As much as I proselytise about prose (playfully among writer-friends and relentlessly via quotes and links to great writing on social media) I truly consider the fairly common idea that a writer sticks to a genre—mostly fiction in Nigeria—wrongheaded. The best writers in the English language, at least the ones with style, with a mastery of the possibilities of the English sentence, write everything: essays, reportage, memoir, fiction, criticism. Hemingway, Orwell, Bellow, Updike, Mailer, Roth, Coetzee, Amis, Heller, Franzen, Rushdie—all writers primarily known for their make-believe have written reams of non-fiction. Never hiding behind the ready, steady pleasures of story, they believe the ability to turn a sentence in prose impels the writer to serve many gods; and it’s anathema to be competent at the sentence-level and be monotheist.

Ditto essayists James Baldwin, EB White, James Wolcott, Adam Gopnik, James Wood, Anatole Broyard—all of whom (have) worked in more than one prose category. Multiplicity, for these ones and rightly so, is what it is to be a writer. Which in practice is a more encompassing term than storyteller.

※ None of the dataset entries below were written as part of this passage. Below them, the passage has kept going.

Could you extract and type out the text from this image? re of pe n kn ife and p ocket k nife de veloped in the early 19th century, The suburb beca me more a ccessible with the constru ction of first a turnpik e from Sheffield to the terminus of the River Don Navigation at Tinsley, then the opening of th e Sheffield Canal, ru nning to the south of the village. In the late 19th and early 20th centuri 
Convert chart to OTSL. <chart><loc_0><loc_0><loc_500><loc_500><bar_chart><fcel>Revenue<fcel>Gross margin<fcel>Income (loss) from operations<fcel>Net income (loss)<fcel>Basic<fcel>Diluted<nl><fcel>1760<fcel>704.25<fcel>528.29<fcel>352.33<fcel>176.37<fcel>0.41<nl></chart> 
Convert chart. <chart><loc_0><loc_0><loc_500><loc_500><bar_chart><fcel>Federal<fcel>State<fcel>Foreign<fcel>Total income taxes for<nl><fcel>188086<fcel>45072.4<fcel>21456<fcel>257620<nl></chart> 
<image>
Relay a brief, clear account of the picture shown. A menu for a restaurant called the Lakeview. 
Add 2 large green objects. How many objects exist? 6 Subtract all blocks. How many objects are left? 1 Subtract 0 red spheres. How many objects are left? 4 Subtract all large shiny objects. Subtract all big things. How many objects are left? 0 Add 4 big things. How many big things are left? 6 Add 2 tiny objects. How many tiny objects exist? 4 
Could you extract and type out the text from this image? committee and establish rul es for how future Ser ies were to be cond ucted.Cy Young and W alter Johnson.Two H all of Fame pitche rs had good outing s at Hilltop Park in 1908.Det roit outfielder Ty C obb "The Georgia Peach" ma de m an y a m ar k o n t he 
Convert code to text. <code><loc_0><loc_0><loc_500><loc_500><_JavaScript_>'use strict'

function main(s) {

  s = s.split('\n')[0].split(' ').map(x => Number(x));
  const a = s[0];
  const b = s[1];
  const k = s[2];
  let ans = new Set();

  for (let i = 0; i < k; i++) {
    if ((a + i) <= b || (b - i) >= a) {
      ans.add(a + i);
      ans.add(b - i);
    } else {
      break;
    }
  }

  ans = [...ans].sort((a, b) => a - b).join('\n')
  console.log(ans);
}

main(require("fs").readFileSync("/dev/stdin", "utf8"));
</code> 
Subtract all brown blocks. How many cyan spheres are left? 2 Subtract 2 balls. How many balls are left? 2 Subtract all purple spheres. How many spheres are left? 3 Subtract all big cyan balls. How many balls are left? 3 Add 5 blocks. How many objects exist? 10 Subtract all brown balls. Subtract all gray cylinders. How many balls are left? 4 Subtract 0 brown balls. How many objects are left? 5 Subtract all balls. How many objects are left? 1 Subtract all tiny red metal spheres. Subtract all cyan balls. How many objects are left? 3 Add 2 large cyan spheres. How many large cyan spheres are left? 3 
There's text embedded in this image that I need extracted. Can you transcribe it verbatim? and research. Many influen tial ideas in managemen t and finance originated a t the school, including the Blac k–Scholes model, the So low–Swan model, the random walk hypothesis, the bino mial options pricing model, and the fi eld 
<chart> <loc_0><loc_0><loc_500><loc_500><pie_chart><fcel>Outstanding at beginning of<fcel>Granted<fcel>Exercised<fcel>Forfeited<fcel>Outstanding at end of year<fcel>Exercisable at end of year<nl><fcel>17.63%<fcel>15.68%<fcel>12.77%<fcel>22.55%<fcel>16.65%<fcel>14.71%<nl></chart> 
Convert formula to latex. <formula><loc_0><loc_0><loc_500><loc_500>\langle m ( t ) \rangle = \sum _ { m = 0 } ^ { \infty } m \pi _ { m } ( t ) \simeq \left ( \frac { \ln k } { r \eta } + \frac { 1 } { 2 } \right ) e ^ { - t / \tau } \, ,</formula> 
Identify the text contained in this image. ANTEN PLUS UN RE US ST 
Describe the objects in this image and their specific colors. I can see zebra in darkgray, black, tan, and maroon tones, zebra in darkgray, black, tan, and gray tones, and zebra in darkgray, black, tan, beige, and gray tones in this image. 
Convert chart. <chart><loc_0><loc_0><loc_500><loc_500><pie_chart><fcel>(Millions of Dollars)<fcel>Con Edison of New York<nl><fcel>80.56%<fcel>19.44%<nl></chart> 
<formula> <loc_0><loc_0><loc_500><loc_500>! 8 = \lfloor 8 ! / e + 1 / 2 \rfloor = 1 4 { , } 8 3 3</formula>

That notion hasn’t travelled well. For most Nigerian dabblers in fiction, there is only story and no style. Stricken as the country is by Achebe’s Curse, there can be only a few writers in the general sense—because non-fiction requires a way with sentence and structure, and some essays provide no plot to duck under.

Unfortunately for writers after him, too little has been made of the evolution of Achebe’s prose, spotty at Things Fall Apart, crisp in his essays and mature by Anthills of the Savannah, the great man’s excellent last novel. Like everyone else, Achebe wasn’t conceived fully formed—to his credit he grew and by 1987 when Anthills was published, just under 30 years after Things Fall Apart, Achebe’s prose had caught up to his innate gift of storytelling.

This evolution, however, is not quite as sensational as the story of the fully-formed debut African novelist. And so far has proven unpopular, enabling the Curse among Achebe’s heirs, many of whom, keen to tell a story, are content with penning slack sentences. While it is frowned on to insist on a writer’s duty, it seems that the onus is on the current generation of prominent Nigerian writers to illumine a new path, to write more—and diversely—and thus overcome widespread mediocrity with varied artistry.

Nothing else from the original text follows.